Stored records:
————
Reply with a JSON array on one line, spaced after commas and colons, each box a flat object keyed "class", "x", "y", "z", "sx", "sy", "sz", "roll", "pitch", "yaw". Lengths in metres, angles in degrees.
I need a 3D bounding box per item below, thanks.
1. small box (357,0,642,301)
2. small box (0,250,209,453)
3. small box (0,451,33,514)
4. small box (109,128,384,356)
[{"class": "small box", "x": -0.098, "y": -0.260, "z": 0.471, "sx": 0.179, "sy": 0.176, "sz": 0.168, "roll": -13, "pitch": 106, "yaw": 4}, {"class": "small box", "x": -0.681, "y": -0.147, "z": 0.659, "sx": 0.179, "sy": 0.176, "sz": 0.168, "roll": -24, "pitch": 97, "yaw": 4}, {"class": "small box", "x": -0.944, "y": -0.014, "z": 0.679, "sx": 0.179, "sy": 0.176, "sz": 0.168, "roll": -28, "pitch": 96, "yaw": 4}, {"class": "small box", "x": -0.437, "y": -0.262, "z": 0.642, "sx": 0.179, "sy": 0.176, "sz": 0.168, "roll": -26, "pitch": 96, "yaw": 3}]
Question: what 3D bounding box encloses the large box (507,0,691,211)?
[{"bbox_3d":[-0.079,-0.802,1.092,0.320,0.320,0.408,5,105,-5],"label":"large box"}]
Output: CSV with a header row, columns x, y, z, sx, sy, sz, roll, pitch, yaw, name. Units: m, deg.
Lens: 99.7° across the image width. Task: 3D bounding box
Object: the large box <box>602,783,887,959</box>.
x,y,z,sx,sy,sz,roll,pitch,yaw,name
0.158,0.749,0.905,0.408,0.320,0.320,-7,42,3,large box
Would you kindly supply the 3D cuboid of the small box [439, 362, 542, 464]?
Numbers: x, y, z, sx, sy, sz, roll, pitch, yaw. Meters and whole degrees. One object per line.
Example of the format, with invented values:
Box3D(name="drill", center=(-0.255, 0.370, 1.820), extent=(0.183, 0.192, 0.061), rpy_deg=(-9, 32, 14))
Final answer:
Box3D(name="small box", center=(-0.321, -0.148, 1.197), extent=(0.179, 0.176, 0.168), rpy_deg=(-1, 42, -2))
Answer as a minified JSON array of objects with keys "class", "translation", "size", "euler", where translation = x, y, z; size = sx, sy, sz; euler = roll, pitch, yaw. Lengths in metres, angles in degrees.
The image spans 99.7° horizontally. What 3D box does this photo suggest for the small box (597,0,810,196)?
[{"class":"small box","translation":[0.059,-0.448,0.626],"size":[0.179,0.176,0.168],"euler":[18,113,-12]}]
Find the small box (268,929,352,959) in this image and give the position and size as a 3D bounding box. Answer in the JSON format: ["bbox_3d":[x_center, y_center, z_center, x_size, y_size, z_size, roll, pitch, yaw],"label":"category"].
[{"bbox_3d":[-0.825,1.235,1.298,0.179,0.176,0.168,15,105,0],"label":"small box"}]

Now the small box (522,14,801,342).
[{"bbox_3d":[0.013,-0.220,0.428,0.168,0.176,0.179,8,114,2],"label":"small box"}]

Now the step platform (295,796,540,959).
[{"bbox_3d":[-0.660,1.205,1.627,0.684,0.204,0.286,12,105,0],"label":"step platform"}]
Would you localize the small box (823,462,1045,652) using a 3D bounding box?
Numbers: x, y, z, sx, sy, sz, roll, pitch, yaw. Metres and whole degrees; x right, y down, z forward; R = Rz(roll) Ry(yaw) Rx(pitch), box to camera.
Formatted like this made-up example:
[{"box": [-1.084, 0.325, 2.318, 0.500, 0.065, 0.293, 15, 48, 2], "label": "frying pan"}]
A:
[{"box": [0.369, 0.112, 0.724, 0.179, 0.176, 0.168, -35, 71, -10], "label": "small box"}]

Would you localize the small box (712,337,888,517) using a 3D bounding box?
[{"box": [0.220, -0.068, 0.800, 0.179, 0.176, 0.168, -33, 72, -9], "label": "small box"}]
————
- **What you need to do**
Output all of the data above without any alteration.

- **Solution for this exercise**
Reply with a JSON array on one line, spaced after commas and colons, each box a flat object keyed "class", "x", "y", "z", "sx", "sy", "sz", "roll", "pitch", "yaw". Lengths in metres, angles in degrees.
I need a 3D bounding box per item below, thanks.
1. small box (357,0,642,301)
2. small box (0,250,209,453)
3. small box (0,451,33,514)
4. small box (109,128,384,356)
[{"class": "small box", "x": -0.098, "y": -0.260, "z": 0.471, "sx": 0.179, "sy": 0.176, "sz": 0.168, "roll": -13, "pitch": 106, "yaw": 4}, {"class": "small box", "x": -0.681, "y": -0.147, "z": 0.659, "sx": 0.179, "sy": 0.176, "sz": 0.168, "roll": -24, "pitch": 97, "yaw": 4}, {"class": "small box", "x": -0.944, "y": -0.014, "z": 0.679, "sx": 0.179, "sy": 0.176, "sz": 0.168, "roll": -28, "pitch": 96, "yaw": 4}, {"class": "small box", "x": -0.437, "y": -0.262, "z": 0.642, "sx": 0.179, "sy": 0.176, "sz": 0.168, "roll": -26, "pitch": 96, "yaw": 3}]
Question: what 3D bounding box encloses the large box (507,0,691,211)?
[{"bbox_3d":[-0.079,-0.802,1.092,0.320,0.320,0.408,5,105,-5],"label":"large box"}]
Output: CSV with a header row, columns x, y, z, sx, sy, sz, roll, pitch, yaw, name. Units: m, deg.
Lens: 99.7° across the image width. Task: 3D bounding box
Object: the large box <box>602,783,887,959</box>.
x,y,z,sx,sy,sz,roll,pitch,yaw,name
0.158,0.749,0.905,0.408,0.320,0.320,-7,42,3,large box
Would you kindly supply the 3D cuboid of the small box [439, 362, 542, 464]?
Numbers: x, y, z, sx, sy, sz, roll, pitch, yaw. Meters and whole degrees. One object per line.
Example of the format, with invented values:
Box3D(name="drill", center=(-0.255, 0.370, 1.820), extent=(0.183, 0.192, 0.061), rpy_deg=(-9, 32, 14))
Final answer:
Box3D(name="small box", center=(-0.321, -0.148, 1.197), extent=(0.179, 0.176, 0.168), rpy_deg=(-1, 42, -2))
Answer as a minified JSON array of objects with keys "class", "translation", "size", "euler", where translation = x, y, z; size = sx, sy, sz; euler = roll, pitch, yaw. Lengths in metres, angles in degrees.
The image spans 99.7° horizontally. What 3D box does this photo suggest for the small box (597,0,810,196)?
[{"class":"small box","translation":[0.059,-0.448,0.626],"size":[0.179,0.176,0.168],"euler":[18,113,-12]}]
Find the small box (268,929,352,959) in this image and give the position and size as a 3D bounding box. Answer in the JSON format: ["bbox_3d":[x_center, y_center, z_center, x_size, y_size, z_size, roll, pitch, yaw],"label":"category"].
[{"bbox_3d":[-0.825,1.235,1.298,0.179,0.176,0.168,15,105,0],"label":"small box"}]

Now the small box (522,14,801,342).
[{"bbox_3d":[0.013,-0.220,0.428,0.168,0.176,0.179,8,114,2],"label":"small box"}]

Now the step platform (295,796,540,959).
[{"bbox_3d":[-0.660,1.205,1.627,0.684,0.204,0.286,12,105,0],"label":"step platform"}]
Would you localize the small box (823,462,1045,652) using a 3D bounding box?
Numbers: x, y, z, sx, sy, sz, roll, pitch, yaw. Metres and whole degrees; x right, y down, z forward; R = Rz(roll) Ry(yaw) Rx(pitch), box to camera.
Formatted like this made-up example:
[{"box": [-1.084, 0.325, 2.318, 0.500, 0.065, 0.293, 15, 48, 2], "label": "frying pan"}]
A:
[{"box": [0.369, 0.112, 0.724, 0.179, 0.176, 0.168, -35, 71, -10], "label": "small box"}]

Would you localize the small box (712,337,888,517) using a 3D bounding box?
[{"box": [0.220, -0.068, 0.800, 0.179, 0.176, 0.168, -33, 72, -9], "label": "small box"}]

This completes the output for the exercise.